Остальные весело захихикали, предвкушая развлечение.
Хайяте снова замер, стиснув кулаки и глядя на обидчиков исподлобья. Он совсем не ожидал, что первый его визит в Академию приведет к таким последствиям… К тому же, он раньше почти не общался с другими детьми и толком не знал, что предпринять в сложившейся ситуации и как теперь себя вести. Впрочем, одно было очевидно: его явно посчитали беспомощным и слабым, исходя из болезненного внешнего вида. Эта мысль оказалась неожиданно обидной.
Какое другие имеют право судить его, совсем его не зная?
Гекко отбросил падавшую на глаза челку и негромко спросил:
- Чего вы хотите от меня?
- Во-о-от, уже совсем другой разговор! – с довольной ухмылкой протянул Котетсу.
Изумо забрал у него шарф и намотал на руку:
- Да, так уже гораздо интересней! Ты не думай, мы совсем не собираемся тебя обижать, мы просто хотим предложить тебе одну игру.

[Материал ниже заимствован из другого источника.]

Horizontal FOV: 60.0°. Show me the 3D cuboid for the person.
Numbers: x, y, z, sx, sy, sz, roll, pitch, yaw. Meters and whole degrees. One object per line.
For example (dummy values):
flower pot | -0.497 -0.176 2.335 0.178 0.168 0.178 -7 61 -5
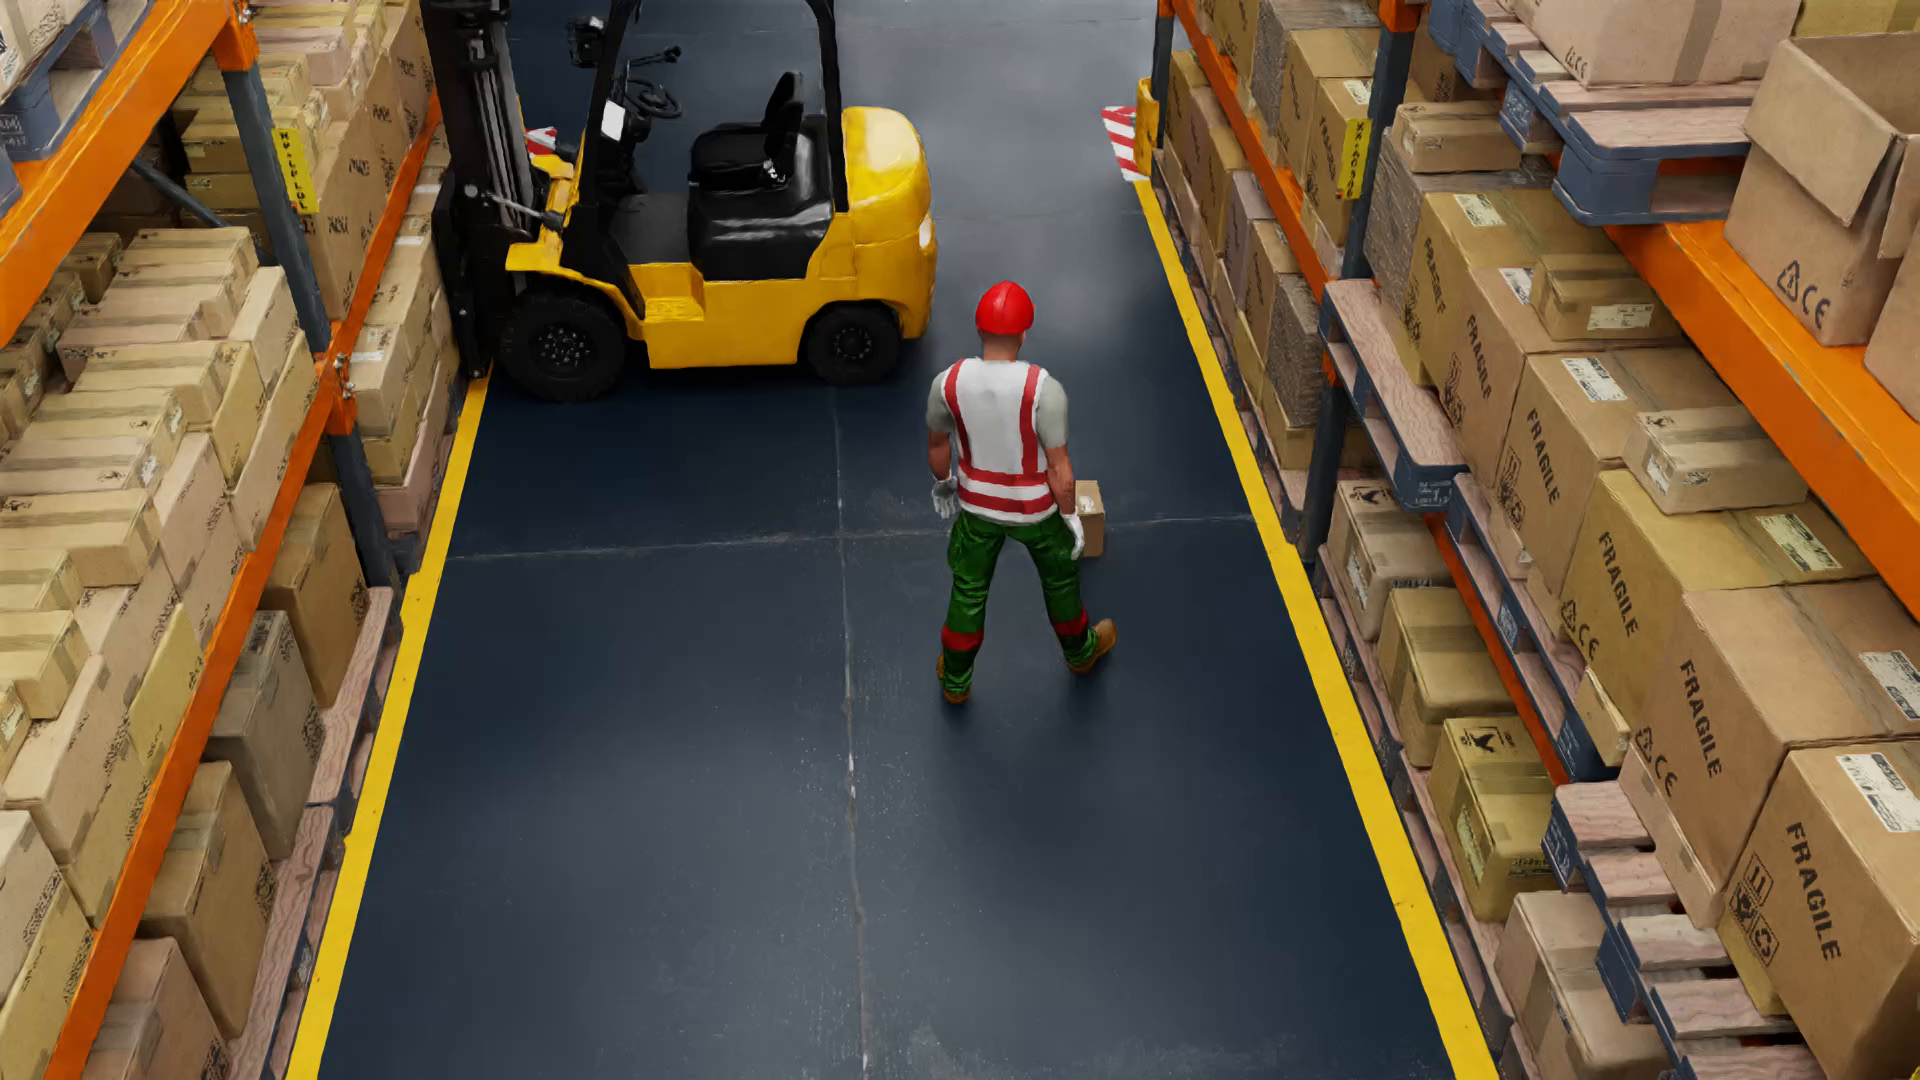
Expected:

Хайяте еще раз окинул всех внимательным взглядом и уточнил, потому что от него явно ожидали именно этого:
- Какую?
Изумо улыбнулся еще невинней и открыл было рот, но тут вдруг из дальнего конца коридора донесся пронзительный девичий крик:
- А ну расступились все!!!
Дети от неожиданности послушались, и между их разошедшимися рядами прямо к Хайяте подлетела Югао. Гневно сверкнула глазами, заслонила его собой и, уперев кулаки в бедра, грозно рявкнула:
- Какого демона вы прицепились к моему брату?!
Ее короткие волосы смешно топорщились на затылке, как петушиный гребень.
Хайяте, совершенно не ожидавший ничего подобного, потрясенно заморгал.
- Ох, да это ведь бешеная Удзуки! – Котетсу со страдальческим видом закатил глаза.
Изумо откинул с лица челку и удивленно посмотрел сначала на Югао, потом на Хайяте:
- Брату?.. Ну ничего себе!
Югао не удостоила их ответом, только громко фыркнула и повернулась к изумленному Гекко.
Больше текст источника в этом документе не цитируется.